Makaleler

Düşünce Yapınızı Değiştirin,Inovasyonu Körükleyin

Düşünce Yapınızı Değiştirin,Inovasyonu Körükleyin

Eski nesil düşünce sistemine sahipseniz korumacı, bilgiyi saklamaya meyilli, gücünüzü koruyabilmek için ekibinizi bilgiden uzak tutmayı tercih eden bir yapınız var demektir. Fikir alışverişlerini ancak kendi istediğiniz zamanlarda ve istediğiniz kişilerden alıyorsunuz demektir.

Yeni nesil düşünce sistemine sahipseniz, bilgiyi paylaşmaya açık, bilgiyi almaya açık ve katılımcı bir yaklaşıma sahipsiniz demektir. Fikir alışverişlerine her yaştan ve seviyeden insanla yapmaya doğal bir eğiliminiz var demektir.

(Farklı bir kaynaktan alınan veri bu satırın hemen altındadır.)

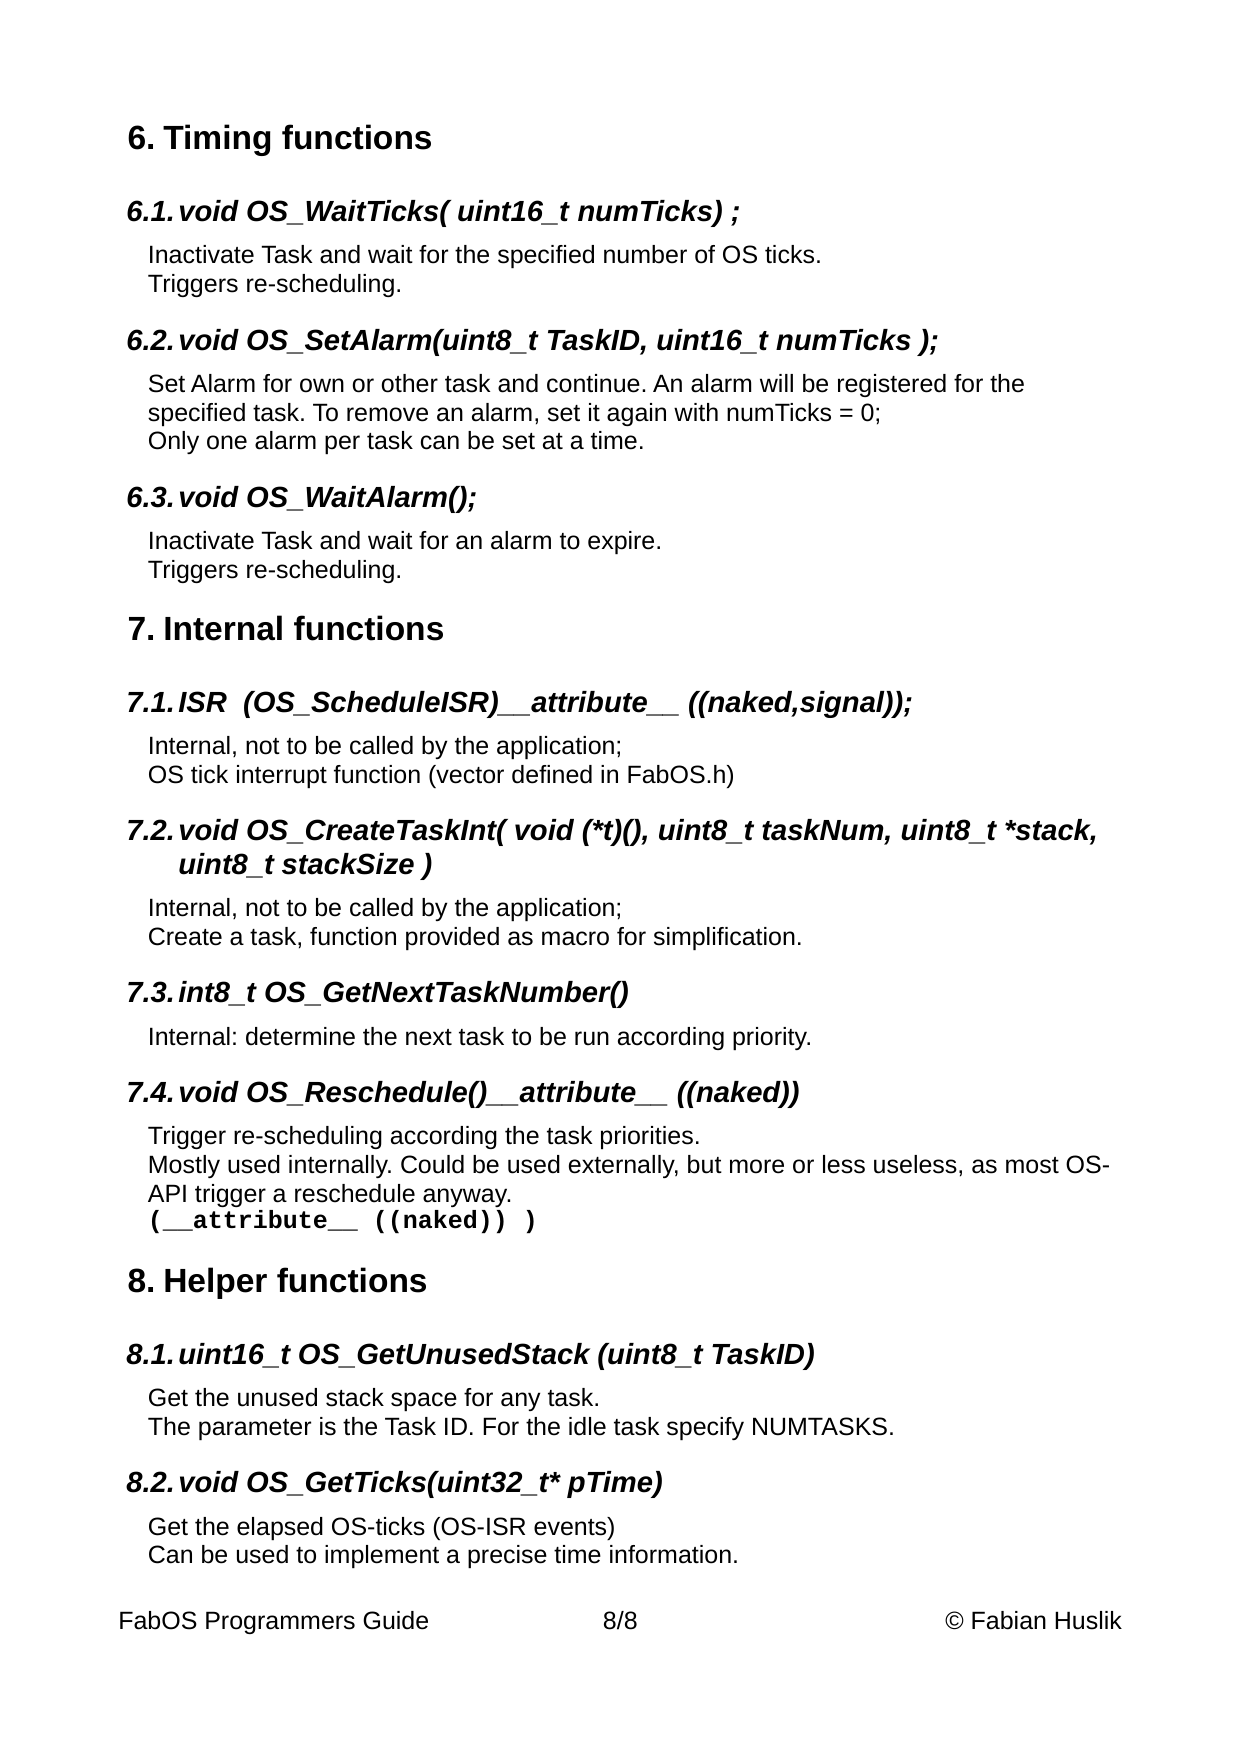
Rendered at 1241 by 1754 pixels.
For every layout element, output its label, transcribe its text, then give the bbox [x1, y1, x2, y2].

Günümüzde şirketlerin “kuşak savaşları” dedikleri durumun özünde bu yatmakta. Eğer kurumunuzda inovasyonun yeşermesini ve ilerlemesini istiyorsanız, yeni nesil düşünce sistemine sahip çalışanlarınızın çoğunlukta olmasına özen gösterin. Çünkü eski nesil düşünce sistemindekiler çoğunlukla statüyü koruma endişesiyle hareket etmeyi tercih ederken, yeni nesil düşünceye sahip olanlar, anlam buldukları ve tutkulu oldukları konularda kurumlarını ilerletmek peşinde koşuyor.

Hangi nesile ait olduğunuzu ise yaşınız değil düşünce ve hareket tarzınız belirler.

Inovasyonun temelinde araştırmacı ve sorgulayıcı bir kişilik yatar. Aynı zamanda paylaşımcı bir eğilimde vardır çünkü fikir jimnastiği yapmak düşüncelerini pekiştirmeye ve geliştirmeye yardımcı olur. Eski nesil düşünce sistemleri yeniliğe ve dolayısıyla inovasyona kapalı bir yapı sergiler. Bu yüzden de işleri kurallar ve yönetmelikler çemberinde yürütme ihtiyacı hisseder, çünkü kontrol sahibi olmalarının tek yolu budur.

Bireyselliği çok kuvvetli olanlar, bilgiyi paylaşmadan tüm gelişmeleri kendileri yapmak ister. Böylece, kontrolun sürekli onlarda kalacağına ve konumlarını koruyabileceklerine inanırlar. Türkiye’de çok sık görülen bir durumdu bu. Ancak yeni nesil düşünceye sahip olanlar için bu tür davranışlar pek de önemli değil, çünkü bilgiye sahip olmak konusunda diğerlerinden çok daha üstün bir durumdalar. Daha açık süreçlerle hareket edebiliyorlar. Bu durumsa kapalı iletişim kültürüne sahip şirketlerde sorun yaratabiliyor. Bunun en önemli sebebin, eski nesil düşüncedekilerin açık ve paylaşımcı davranışı kendi konumlarına “tehditkar” bir yaklaşım olarak görmeleri.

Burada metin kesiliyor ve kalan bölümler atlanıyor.